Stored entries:
+ + +
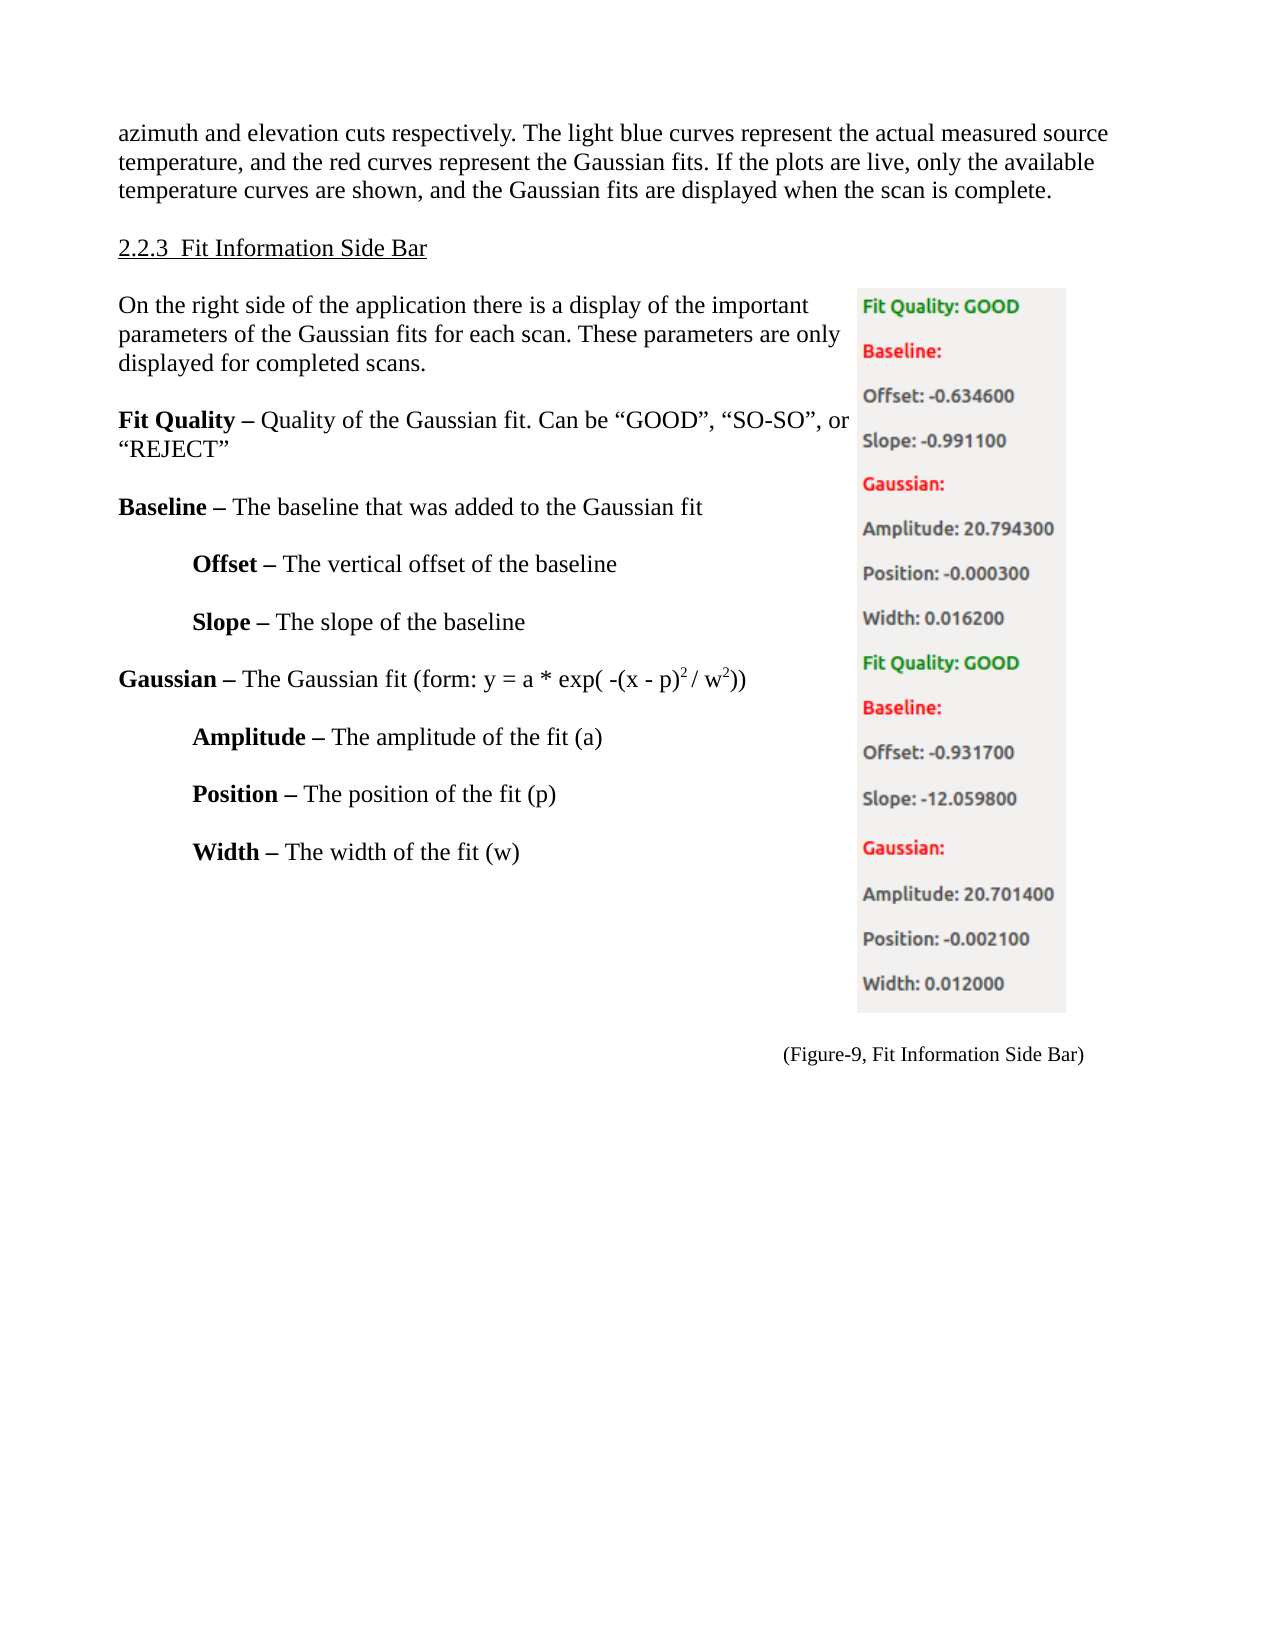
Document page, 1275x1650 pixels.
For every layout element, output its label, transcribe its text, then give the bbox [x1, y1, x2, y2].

text [1067, 549, 1157, 578]
text [1067, 837, 1157, 866]
text [1067, 607, 1157, 636]
text Offset – The vertical offset of the baseline [118, 549, 857, 578]
text Fit Quality – Quality of the Gaussian fit. Can be “GOOD”, “SO-SO”, or “REJECT” [118, 406, 857, 463]
text [1067, 722, 1157, 751]
text Slope – The slope of the baseline [118, 607, 857, 636]
text azimuth and elevation cuts respectively. The light blue curves represent the actual measured source temperature, and the red curves represent the Gaussian fits. If the plots are live, only the available temperature curves are shown, and the Gaussian fits are displayed when the scan is complete. [118, 118, 1157, 204]
text Gaussian – The Gaussian fit (form: y = a * exp( -(x - p)2 / w2)) [118, 664, 857, 693]
text On the right side of the application there is a display of the important parameters of the Gaussian fits for each scan. These parameters are only displayed for completed scans. [118, 291, 857, 377]
text Position – The position of the fit (p) [118, 779, 857, 808]
text [1067, 291, 1157, 377]
text Amplitude – The amplitude of the fit (a) [118, 722, 857, 751]
text [1067, 664, 1157, 693]
text [1067, 406, 1157, 463]
text (Figure-9, Fit Information Side Bar) [118, 1009, 1157, 1067]
text 2.2.3 Fit Information Side Bar [118, 233, 1157, 262]
text Width – The width of the fit (w) [118, 837, 857, 866]
text Baseline – The baseline that was added to the Gaussian fit [118, 492, 857, 521]
text [1067, 492, 1157, 521]
text [1067, 779, 1157, 808]
picture [857, 288, 1067, 1013]
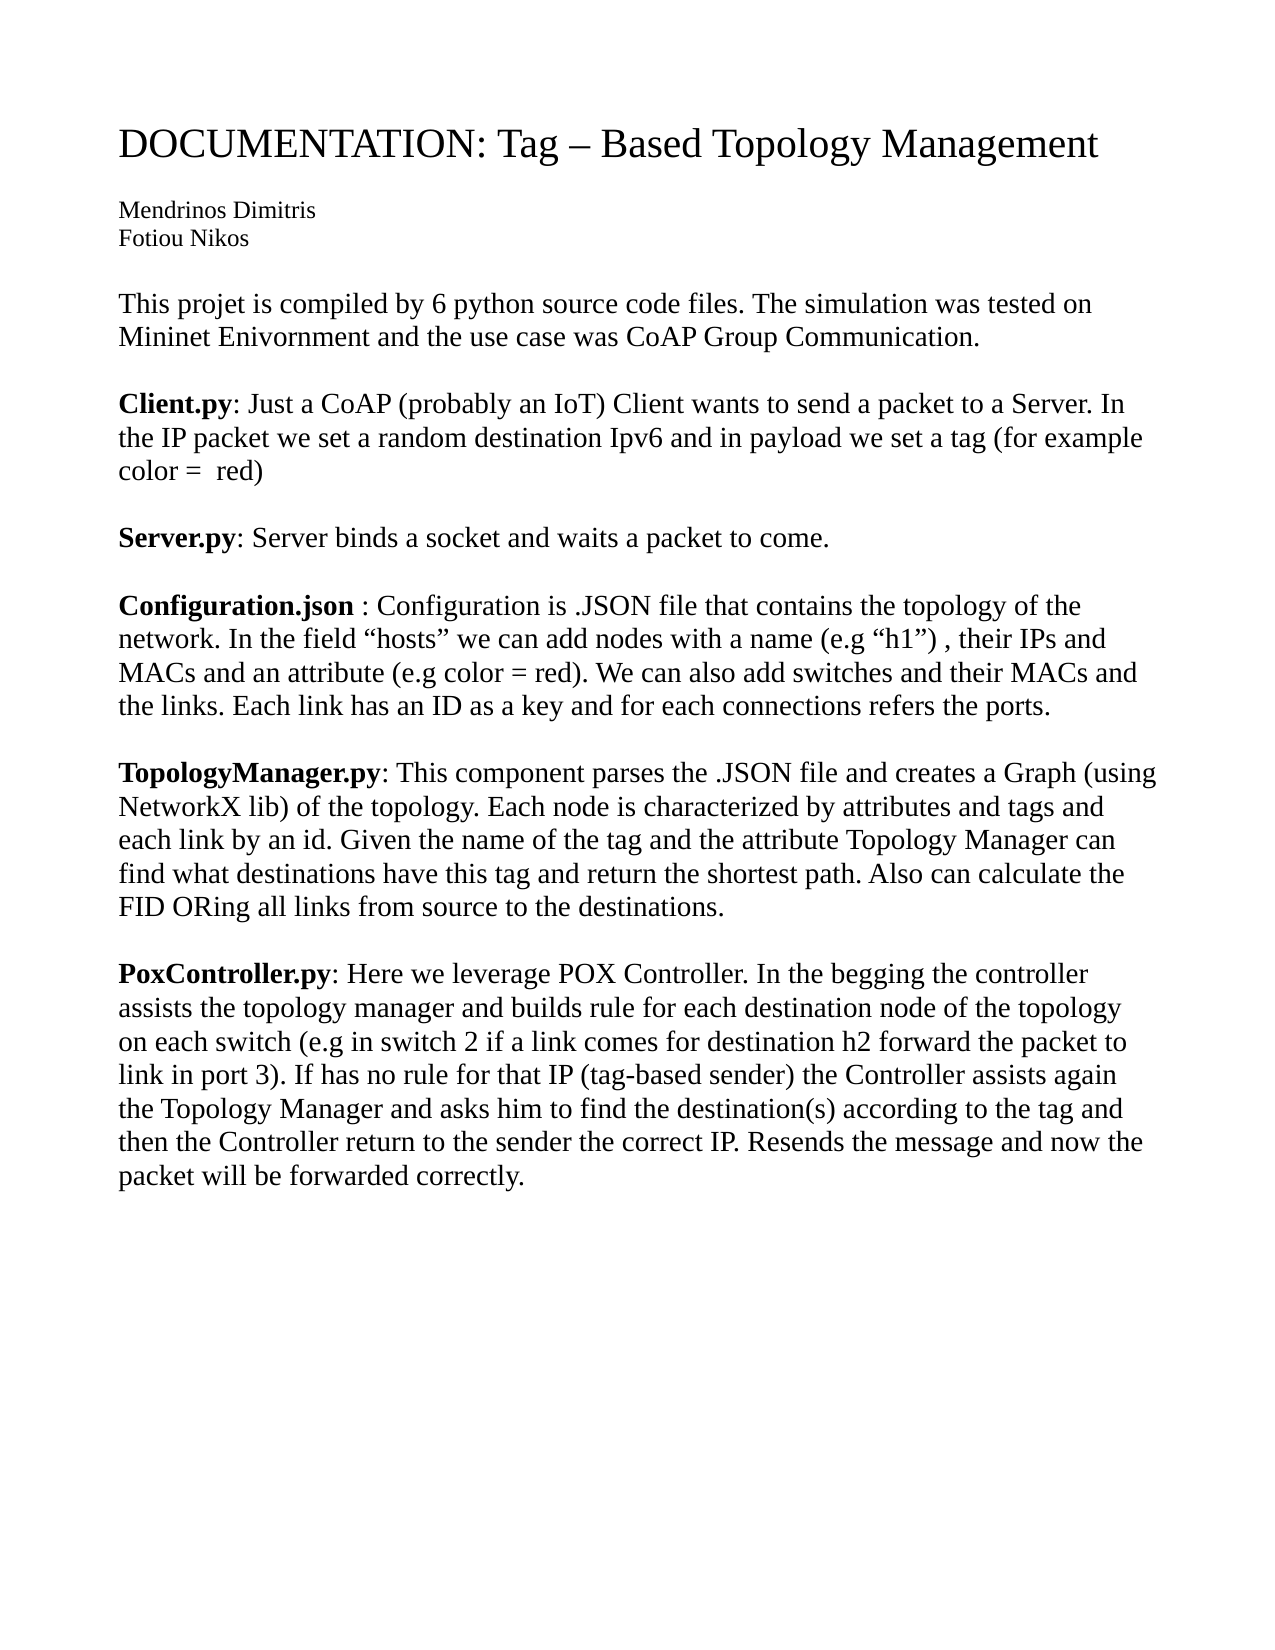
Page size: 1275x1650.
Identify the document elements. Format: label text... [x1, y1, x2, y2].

text TopologyManager.py: This component parses the .JSON file and creates a Graph (using NetworkX lib) of the topology. Each node is characterized by attributes and tags and each link by an id. Given the name of the tag and the attribute Topology Manager can find what destinations have this tag and return the shortest path. Also can calculate the FID ORing all links from source to the destinations. [118, 755, 1157, 923]
text Fotiou Nikos [118, 223, 1157, 252]
text PoxController.py: Here we leverage POX Controller. In the begging the controller assists the topology manager and builds rule for each destination node of the topology on each switch (e.g in switch 2 if a link comes for destination h2 forward the packet to link in port 3). If has no rule for that IP (tag-based sender) the Controller assists again the Topology Manager and asks him to find the destination(s) according to the tag and then the Controller return to the sender the correct IP. Resends the message and now the packet will be forwarded correctly. [118, 957, 1157, 1191]
text This projet is compiled by 6 python source code files. The simulation was tested on Mininet Enivornment and the use case was CoAP Group Communication. [118, 286, 1157, 353]
text Client.py: Just a CoAP (probably an IoT) Client wants to send a packet to a Server. In the IP packet we set a random destination Ipv6 and in payload we set a tag (for example color = red) [118, 386, 1157, 487]
text Server.py: Server binds a socket and waits a packet to come. [118, 521, 1157, 554]
text Mendrinos Dimitris [118, 195, 1157, 223]
text DOCUMENTATION: Tag – Based Topology Management [118, 118, 1157, 166]
text Configuration.json : Configuration is .JSON file that contains the topology of the network. In the field “hosts” we can add nodes with a name (e.g “h1”) , their IPs and MACs and an attribute (e.g color = red). We can also add switches and their MACs and the links. Each link has an ID as a key and for each connections refers the ports. [118, 588, 1157, 722]
+ + +
What you should do: The lines to set down run from the line with "text Position –" up to and including the line with "text TopologyManager.py: This" in the entries above. Reproduce them exactly, with no pictures.

Response below:
text Position – The position of the fit (p) [118, 779, 857, 808]
text [1067, 291, 1157, 377]
text Amplitude – The amplitude of the fit (a) [118, 722, 857, 751]
text [1067, 664, 1157, 693]
text [1067, 406, 1157, 463]
text (Figure-9, Fit Information Side Bar) [118, 1009, 1157, 1067]
text 2.2.3 Fit Information Side Bar [118, 233, 1157, 262]
text Width – The width of the fit (w) [118, 837, 857, 866]
text Baseline – The baseline that was added to the Gaussian fit [118, 492, 857, 521]
text [1067, 492, 1157, 521]
text [1067, 779, 1157, 808]
picture [857, 288, 1067, 1013]
Page size: 1275x1650.
Identify the document elements. Format: label text... [x1, y1, x2, y2].

text TopologyManager.py: This component parses the .JSON file and creates a Graph (using NetworkX lib) of the topology. Each node is characterized by attributes and tags and each link by an id. Given the name of the tag and the attribute Topology Manager can find what destinations have this tag and return the shortest path. Also can calculate the FID ORing all links from source to the destinations. [118, 755, 1157, 923]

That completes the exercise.